> _Requirement_
Lines below that include the word "track" should each be copied.

* * *

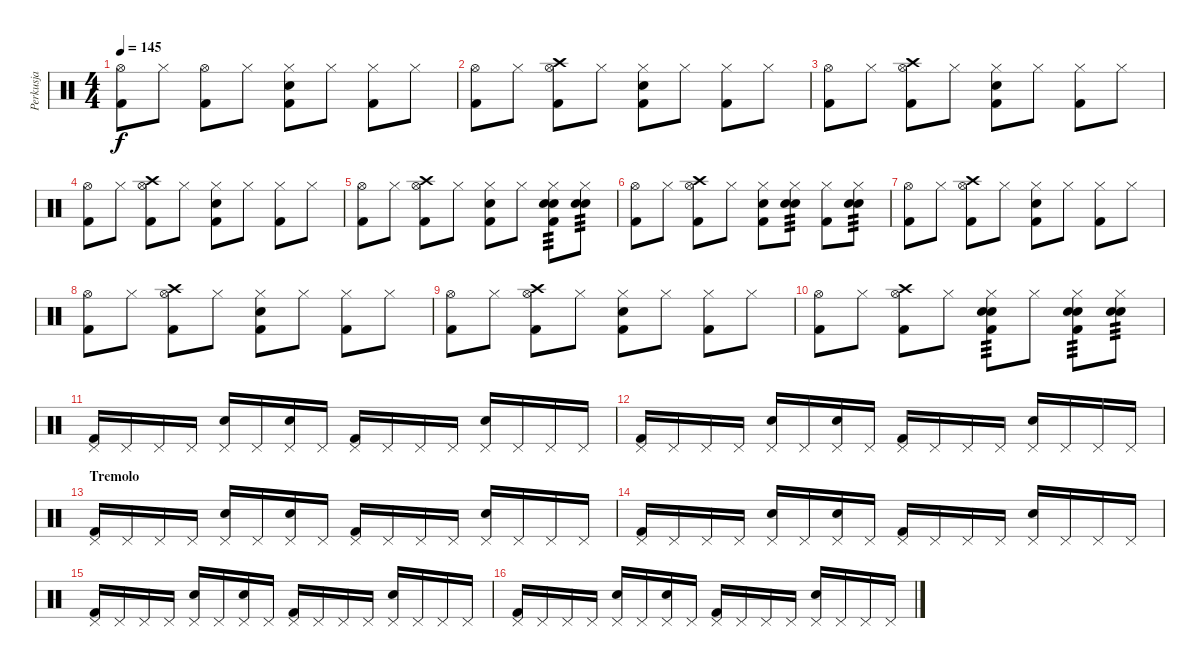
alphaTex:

\track ("Perkusja" "Perkusja") {instrument percussion}
\staff {score}
\articulation defaults
\ts (4 4)
\tempo 145
\clef neutral
\ks c
("Hi-Hat (open)" "Kick (hit) 2").8{dy f} "Hi-Hat (closed)".8 ("Hi-Hat (open)" "Kick (hit) 2").8 "Hi-Hat (closed)".8 ("Hi-Hat (closed)" "Electric Snare (hit)" "Kick (hit) 2").8 "Hi-Hat (closed)".8 ("Hi-Hat (closed)" "Kick (hit) 2").8 "Hi-Hat (closed)".8 |
("Hi-Hat (open)" "Kick (hit) 2").8 "Hi-Hat (closed)".8 ("Hi-Hat (open)" "Crash high (hit)" "Kick (hit) 2").8 "Hi-Hat (closed)".8 ("Hi-Hat (closed)" "Electric Snare (hit)" "Kick (hit) 2").8 "Hi-Hat (closed)".8 ("Hi-Hat (closed)" "Kick (hit) 2").8 "Hi-Hat (closed)".8 |
("Hi-Hat (open)" "Kick (hit) 2").8 "Hi-Hat (closed)".8 ("Hi-Hat (open)" "Crash high (hit)" "Kick (hit) 2").8 "Hi-Hat (closed)".8 ("Hi-Hat (closed)" "Electric Snare (hit)" "Kick (hit) 2").8 "Hi-Hat (closed)".8 ("Hi-Hat (closed)" "Kick (hit) 2").8 "Hi-Hat (closed)".8 |
("Hi-Hat (open)" "Kick (hit) 2").8 "Hi-Hat (closed)".8 ("Hi-Hat (open)" "Crash high (hit)" "Kick (hit) 2").8 "Hi-Hat (closed)".8 ("Hi-Hat (closed)" "Electric Snare (hit)" "Kick (hit) 2").8 "Hi-Hat (closed)".8 ("Hi-Hat (closed)" "Kick (hit) 2").8 "Hi-Hat (closed)".8 |
("Hi-Hat (open)" "Kick (hit) 2").8 "Hi-Hat (closed)".8 ("Hi-Hat (open)" "Crash high (hit)" "Kick (hit) 2").8 "Hi-Hat (closed)".8 ("Hi-Hat (closed)" "Electric Snare (hit)" "Kick (hit) 2").8 "Hi-Hat (closed)".8 ("Hi-Hat (closed)" "Electric Snare (hit)" "Electric Snare (hit)" "Kick (hit) 2").8{tp 3} ("Hi-Hat (closed)" "Electric Snare (hit)" "Electric Snare (hit)").8{tp 3} |
("Hi-Hat (open)" "Kick (hit) 2").8 "Hi-Hat (closed)".8 ("Hi-Hat (open)" "Crash high (hit)" "Kick (hit) 2").8 "Hi-Hat (closed)".8 ("Hi-Hat (closed)" "Electric Snare (hit)" "Kick (hit) 2").8 ("Hi-Hat (closed)" "Electric Snare (hit)" "Electric Snare (hit)").8{tp 3} ("Hi-Hat (closed)" "Kick (hit) 2").8 ("Hi-Hat (closed)" "Electric Snare (hit)" "Electric Snare (hit)").8{tp 3} |
("Hi-Hat (open)" "Kick (hit) 2").8 "Hi-Hat (closed)".8 ("Hi-Hat (open)" "Crash high (hit)" "Kick (hit) 2").8 "Hi-Hat (closed)".8 ("Hi-Hat (closed)" "Electric Snare (hit)" "Kick (hit) 2").8 "Hi-Hat (closed)".8 ("Hi-Hat (closed)" "Kick (hit) 2").8 "Hi-Hat (closed)".8 |
("Hi-Hat (open)" "Kick (hit) 2").8 "Hi-Hat (closed)".8 ("Hi-Hat (open)" "Crash high (hit)" "Kick (hit) 2").8 "Hi-Hat (closed)".8 ("Hi-Hat (closed)" "Electric Snare (hit)" "Kick (hit) 2").8 "Hi-Hat (closed)".8 ("Hi-Hat (closed)" "Kick (hit) 2").8 "Hi-Hat (closed)".8 |
("Hi-Hat (open)" "Kick (hit) 2").8 "Hi-Hat (closed)".8 ("Hi-Hat (open)" "Crash high (hit)" "Kick (hit) 2").8 "Hi-Hat (closed)".8 ("Hi-Hat (closed)" "Electric Snare (hit)" "Kick (hit) 2").8 "Hi-Hat (closed)".8 ("Hi-Hat (closed)" "Kick (hit) 2").8 "Hi-Hat (closed)".8 |
("Hi-Hat (open)" "Kick (hit) 2").8 "Hi-Hat (closed)".8 ("Hi-Hat (open)" "Crash high (hit)" "Kick (hit) 2").8 "Hi-Hat (closed)".8 ("Hi-Hat (closed)" "Electric Snare (hit)" "Electric Snare (hit)" "Kick (hit) 2").8{tp 3} "Hi-Hat (closed)".8 ("Hi-Hat (closed)" "Electric Snare (hit)" "Electric Snare (hit)" "Kick (hit) 2").8{tp 3} ("Hi-Hat (closed)" "Electric Snare (hit)" "Electric Snare (hit)").8{tp 3} |
("Pedal Hi-Hat (hit)" "Kick (hit) 2").16 "Pedal Hi-Hat (hit)".16 "Pedal Hi-Hat (hit)".16 "Pedal Hi-Hat (hit)".16 ("Pedal Hi-Hat (hit)" "Electric Snare (hit)").16 "Pedal Hi-Hat (hit)".16 ("Pedal Hi-Hat (hit)" "Electric Snare (hit)").16 "Pedal Hi-Hat (hit)".16 ("Pedal Hi-Hat (hit)" "Kick (hit) 2").16 "Pedal Hi-Hat (hit)".16 "Pedal Hi-Hat (hit)".16 "Pedal Hi-Hat (hit)".16 ("Pedal Hi-Hat (hit)" "Electric Snare (hit)").16 "Pedal Hi-Hat (hit)".16 "Pedal Hi-Hat (hit)".16 "Pedal Hi-Hat (hit)".16 |
("Pedal Hi-Hat (hit)" "Kick (hit) 2").16 "Pedal Hi-Hat (hit)".16 "Pedal Hi-Hat (hit)".16 "Pedal Hi-Hat (hit)".16 ("Pedal Hi-Hat (hit)" "Electric Snare (hit)").16 "Pedal Hi-Hat (hit)".16 ("Pedal Hi-Hat (hit)" "Electric Snare (hit)").16 "Pedal Hi-Hat (hit)".16 ("Pedal Hi-Hat (hit)" "Kick (hit) 2").16 "Pedal Hi-Hat (hit)".16 "Pedal Hi-Hat (hit)".16 "Pedal Hi-Hat (hit)".16 ("Pedal Hi-Hat (hit)" "Electric Snare (hit)").16 "Pedal Hi-Hat (hit)".16 "Pedal Hi-Hat (hit)".16 "Pedal Hi-Hat (hit)".16 |
\section ("" "Tremolo")
("Pedal Hi-Hat (hit)" "Kick (hit) 2").16 "Pedal Hi-Hat (hit)".16 "Pedal Hi-Hat (hit)".16 "Pedal Hi-Hat (hit)".16 ("Pedal Hi-Hat (hit)" "Electric Snare (hit)").16 "Pedal Hi-Hat (hit)".16 ("Pedal Hi-Hat (hit)" "Electric Snare (hit)").16 "Pedal Hi-Hat (hit)".16 ("Pedal Hi-Hat (hit)" "Kick (hit) 2").16 "Pedal Hi-Hat (hit)".16 "Pedal Hi-Hat (hit)".16 "Pedal Hi-Hat (hit)".16 ("Pedal Hi-Hat (hit)" "Electric Snare (hit)").16 "Pedal Hi-Hat (hit)".16 "Pedal Hi-Hat (hit)".16 "Pedal Hi-Hat (hit)".16 |
("Pedal Hi-Hat (hit)" "Kick (hit) 2").16 "Pedal Hi-Hat (hit)".16 "Pedal Hi-Hat (hit)".16 "Pedal Hi-Hat (hit)".16 ("Pedal Hi-Hat (hit)" "Electric Snare (hit)").16 "Pedal Hi-Hat (hit)".16 ("Pedal Hi-Hat (hit)" "Electric Snare (hit)").16 "Pedal Hi-Hat (hit)".16 ("Pedal Hi-Hat (hit)" "Kick (hit) 2").16 "Pedal Hi-Hat (hit)".16 "Pedal Hi-Hat (hit)".16 "Pedal Hi-Hat (hit)".16 ("Pedal Hi-Hat (hit)" "Electric Snare (hit)").16 "Pedal Hi-Hat (hit)".16 "Pedal Hi-Hat (hit)".16 "Pedal Hi-Hat (hit)".16 |
("Pedal Hi-Hat (hit)" "Kick (hit) 2").16 "Pedal Hi-Hat (hit)".16 "Pedal Hi-Hat (hit)".16 "Pedal Hi-Hat (hit)".16 ("Pedal Hi-Hat (hit)" "Electric Snare (hit)").16 "Pedal Hi-Hat (hit)".16 ("Pedal Hi-Hat (hit)" "Electric Snare (hit)").16 "Pedal Hi-Hat (hit)".16 ("Pedal Hi-Hat (hit)" "Kick (hit) 2").16 "Pedal Hi-Hat (hit)".16 "Pedal Hi-Hat (hit)".16 "Pedal Hi-Hat (hit)".16 ("Pedal Hi-Hat (hit)" "Electric Snare (hit)").16 "Pedal Hi-Hat (hit)".16 "Pedal Hi-Hat (hit)".16 "Pedal Hi-Hat (hit)".16 |
("Pedal Hi-Hat (hit)" "Kick (hit) 2").16 "Pedal Hi-Hat (hit)".16 "Pedal Hi-Hat (hit)".16 "Pedal Hi-Hat (hit)".16 ("Pedal Hi-Hat (hit)" "Electric Snare (hit)").16 "Pedal Hi-Hat (hit)".16 ("Pedal Hi-Hat (hit)" "Electric Snare (hit)").16 "Pedal Hi-Hat (hit)".16 ("Pedal Hi-Hat (hit)" "Kick (hit) 2").16 "Pedal Hi-Hat (hit)".16 "Pedal Hi-Hat (hit)".16 "Pedal Hi-Hat (hit)".16 ("Pedal Hi-Hat (hit)" "Electric Snare (hit)").16 "Pedal Hi-Hat (hit)".16 "Pedal Hi-Hat (hit)".16 "Pedal Hi-Hat (hit)".16
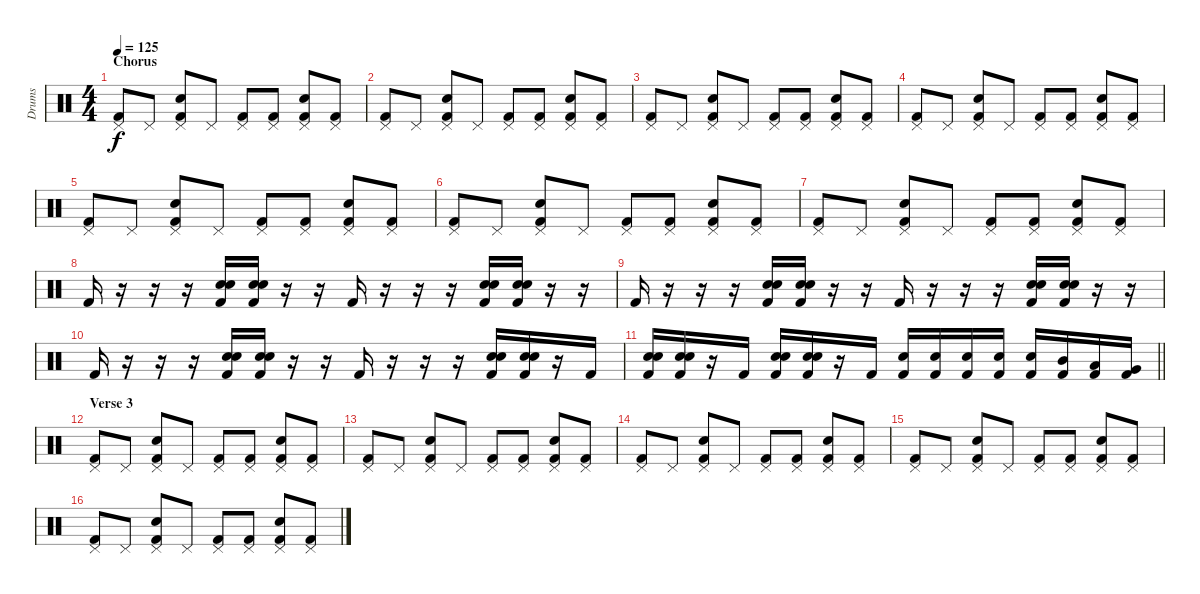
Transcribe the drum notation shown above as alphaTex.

\track ("Drums" "Drums") {instrument percussion}
\staff {score}
\articulation defaults
\ts (4 4)
\section ("" "Chorus")
\tempo 125
\clef neutral
\ks c
("Pedal Hi-Hat (hit)" "Kick (hit) 2").8{dy f} "Pedal Hi-Hat (hit)".8 ("Pedal Hi-Hat (hit)" "Snare (hit) 2" "Kick (hit) 2").8 "Pedal Hi-Hat (hit)".8 ("Pedal Hi-Hat (hit)" "Kick (hit) 2").8 ("Pedal Hi-Hat (hit)" "Kick (hit) 2").8 ("Pedal Hi-Hat (hit)" "Snare (hit) 2" "Kick (hit) 2").8 ("Pedal Hi-Hat (hit)" "Kick (hit) 2").8 |
("Pedal Hi-Hat (hit)" "Kick (hit) 2").8 "Pedal Hi-Hat (hit)".8 ("Pedal Hi-Hat (hit)" "Snare (hit) 2" "Kick (hit) 2").8 "Pedal Hi-Hat (hit)".8 ("Pedal Hi-Hat (hit)" "Kick (hit) 2").8 ("Pedal Hi-Hat (hit)" "Kick (hit) 2").8 ("Pedal Hi-Hat (hit)" "Snare (hit) 2" "Kick (hit) 2").8 ("Pedal Hi-Hat (hit)" "Kick (hit) 2").8 |
("Pedal Hi-Hat (hit)" "Kick (hit) 2").8 "Pedal Hi-Hat (hit)".8 ("Pedal Hi-Hat (hit)" "Snare (hit) 2" "Kick (hit) 2").8 "Pedal Hi-Hat (hit)".8 ("Pedal Hi-Hat (hit)" "Kick (hit) 2").8 ("Pedal Hi-Hat (hit)" "Kick (hit) 2").8 ("Pedal Hi-Hat (hit)" "Snare (hit) 2" "Kick (hit) 2").8 ("Pedal Hi-Hat (hit)" "Kick (hit) 2").8 |
("Pedal Hi-Hat (hit)" "Kick (hit) 2").8 "Pedal Hi-Hat (hit)".8 ("Pedal Hi-Hat (hit)" "Snare (hit) 2" "Kick (hit) 2").8 "Pedal Hi-Hat (hit)".8 ("Pedal Hi-Hat (hit)" "Kick (hit) 2").8 ("Pedal Hi-Hat (hit)" "Kick (hit) 2").8 ("Pedal Hi-Hat (hit)" "Snare (hit) 2" "Kick (hit) 2").8 ("Pedal Hi-Hat (hit)" "Kick (hit) 2").8 |
("Pedal Hi-Hat (hit)" "Kick (hit) 2").8 "Pedal Hi-Hat (hit)".8 ("Pedal Hi-Hat (hit)" "Snare (hit) 2" "Kick (hit) 2").8 "Pedal Hi-Hat (hit)".8 ("Pedal Hi-Hat (hit)" "Kick (hit) 2").8 ("Pedal Hi-Hat (hit)" "Kick (hit) 2").8 ("Pedal Hi-Hat (hit)" "Snare (hit) 2" "Kick (hit) 2").8 ("Pedal Hi-Hat (hit)" "Kick (hit) 2").8 |
("Pedal Hi-Hat (hit)" "Kick (hit) 2").8 "Pedal Hi-Hat (hit)".8 ("Pedal Hi-Hat (hit)" "Snare (hit) 2" "Kick (hit) 2").8 "Pedal Hi-Hat (hit)".8 ("Pedal Hi-Hat (hit)" "Kick (hit) 2").8 ("Pedal Hi-Hat (hit)" "Kick (hit) 2").8 ("Pedal Hi-Hat (hit)" "Snare (hit) 2" "Kick (hit) 2").8 ("Pedal Hi-Hat (hit)" "Kick (hit) 2").8 |
("Pedal Hi-Hat (hit)" "Kick (hit) 2").8 "Pedal Hi-Hat (hit)".8 ("Pedal Hi-Hat (hit)" "Snare (hit) 2" "Kick (hit) 2").8 "Pedal Hi-Hat (hit)".8 ("Pedal Hi-Hat (hit)" "Kick (hit) 2").8 ("Pedal Hi-Hat (hit)" "Kick (hit) 2").8 ("Pedal Hi-Hat (hit)" "Snare (hit) 2" "Kick (hit) 2").8 ("Pedal Hi-Hat (hit)" "Kick (hit) 2").8 |
"Kick (hit) 2".16 r.16 r.16 r.16 ("Electric Snare (hit)" "Snare (hit) 2" "Kick (hit) 2").16 ("Electric Snare (hit)" "Snare (hit) 2" "Kick (hit) 2").16 r.16 r.16 "Kick (hit) 2".16 r.16 r.16 r.16 ("Electric Snare (hit)" "Snare (hit) 2" "Kick (hit) 2").16 ("Electric Snare (hit)" "Snare (hit) 2" "Kick (hit) 2").16 r.16 r.16 |
"Kick (hit) 2".16 r.16 r.16 r.16 ("Electric Snare (hit)" "Snare (hit) 2" "Kick (hit) 2").16 ("Electric Snare (hit)" "Snare (hit) 2" "Kick (hit) 2").16 r.16 r.16 "Kick (hit) 2".16 r.16 r.16 r.16 ("Electric Snare (hit)" "Snare (hit) 2" "Kick (hit) 2").16 ("Electric Snare (hit)" "Snare (hit) 2" "Kick (hit) 2").16 r.16 r.16 |
"Kick (hit) 2".16 r.16 r.16 r.16 ("Electric Snare (hit)" "Snare (hit) 2" "Kick (hit) 2").16 ("Electric Snare (hit)" "Snare (hit) 2" "Kick (hit) 2").16 r.16 r.16 "Kick (hit) 2".16 r.16 r.16 r.16 ("Electric Snare (hit)" "Snare (hit) 2" "Kick (hit) 2").16 ("Electric Snare (hit)" "Snare (hit) 2" "Kick (hit) 2").16 r.16 "Kick (hit) 2".16 |
\barLineRight lightlight
("Electric Snare (hit)" "Snare (hit) 2" "Kick (hit) 2").16 ("Electric Snare (hit)" "Snare (hit) 2" "Kick (hit) 2").16 r.16 "Kick (hit) 2".16 ("Electric Snare (hit)" "Snare (hit) 2" "Kick (hit) 2").16 ("Electric Snare (hit)" "Snare (hit) 2" "Kick (hit) 2").16 r.16 "Kick (hit) 2".16 ("Snare (hit) 2" "Kick (hit) 2").16 ("Snare (hit) 2" "Kick (hit) 2").16 ("Snare (hit) 2" "Kick (hit) 2").16 ("Snare (hit) 2" "Kick (hit) 2").16 ("Snare (hit) 2" "Kick (hit) 2").16 ("Mid Tom (hit)" "Kick (hit) 2").16 ("Low Tom (hit)" "Kick (hit) 2").16 ("Very Low Tom (hit)" "Kick (hit) 2").16 |
\section ("" "Verse 3")
("Pedal Hi-Hat (hit)" "Kick (hit) 2").8 "Pedal Hi-Hat (hit)".8 ("Pedal Hi-Hat (hit)" "Snare (hit) 2" "Kick (hit) 2").8 "Pedal Hi-Hat (hit)".8 ("Pedal Hi-Hat (hit)" "Kick (hit) 2").8 ("Pedal Hi-Hat (hit)" "Kick (hit) 2").8 ("Pedal Hi-Hat (hit)" "Snare (hit) 2" "Kick (hit) 2").8 ("Pedal Hi-Hat (hit)" "Kick (hit) 2").8 |
("Pedal Hi-Hat (hit)" "Kick (hit) 2").8 "Pedal Hi-Hat (hit)".8 ("Pedal Hi-Hat (hit)" "Snare (hit) 2" "Kick (hit) 2").8 "Pedal Hi-Hat (hit)".8 ("Pedal Hi-Hat (hit)" "Kick (hit) 2").8 ("Pedal Hi-Hat (hit)" "Kick (hit) 2").8 ("Pedal Hi-Hat (hit)" "Snare (hit) 2" "Kick (hit) 2").8 ("Pedal Hi-Hat (hit)" "Kick (hit) 2").8 |
("Pedal Hi-Hat (hit)" "Kick (hit) 2").8 "Pedal Hi-Hat (hit)".8 ("Pedal Hi-Hat (hit)" "Snare (hit) 2" "Kick (hit) 2").8 "Pedal Hi-Hat (hit)".8 ("Pedal Hi-Hat (hit)" "Kick (hit) 2").8 ("Pedal Hi-Hat (hit)" "Kick (hit) 2").8 ("Pedal Hi-Hat (hit)" "Snare (hit) 2" "Kick (hit) 2").8 ("Pedal Hi-Hat (hit)" "Kick (hit) 2").8 |
("Pedal Hi-Hat (hit)" "Kick (hit) 2").8 "Pedal Hi-Hat (hit)".8 ("Pedal Hi-Hat (hit)" "Snare (hit) 2" "Kick (hit) 2").8 "Pedal Hi-Hat (hit)".8 ("Pedal Hi-Hat (hit)" "Kick (hit) 2").8 ("Pedal Hi-Hat (hit)" "Kick (hit) 2").8 ("Pedal Hi-Hat (hit)" "Snare (hit) 2" "Kick (hit) 2").8 ("Pedal Hi-Hat (hit)" "Kick (hit) 2").8 |
("Pedal Hi-Hat (hit)" "Kick (hit) 2").8 "Pedal Hi-Hat (hit)".8 ("Pedal Hi-Hat (hit)" "Snare (hit) 2" "Kick (hit) 2").8 "Pedal Hi-Hat (hit)".8 ("Pedal Hi-Hat (hit)" "Kick (hit) 2").8 ("Pedal Hi-Hat (hit)" "Kick (hit) 2").8 ("Pedal Hi-Hat (hit)" "Snare (hit) 2" "Kick (hit) 2").8 ("Pedal Hi-Hat (hit)" "Kick (hit) 2").8
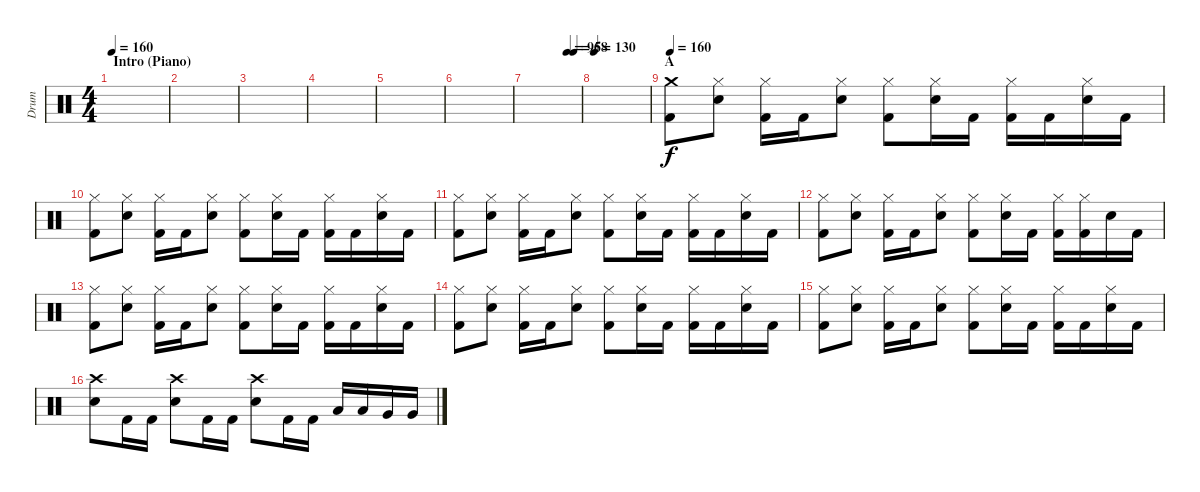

* * *

> _Output of the task_
\track ("Perkusja" "Perkusja") {instrument percussion}
\track ("Drums" "Drums") {instrument percussion}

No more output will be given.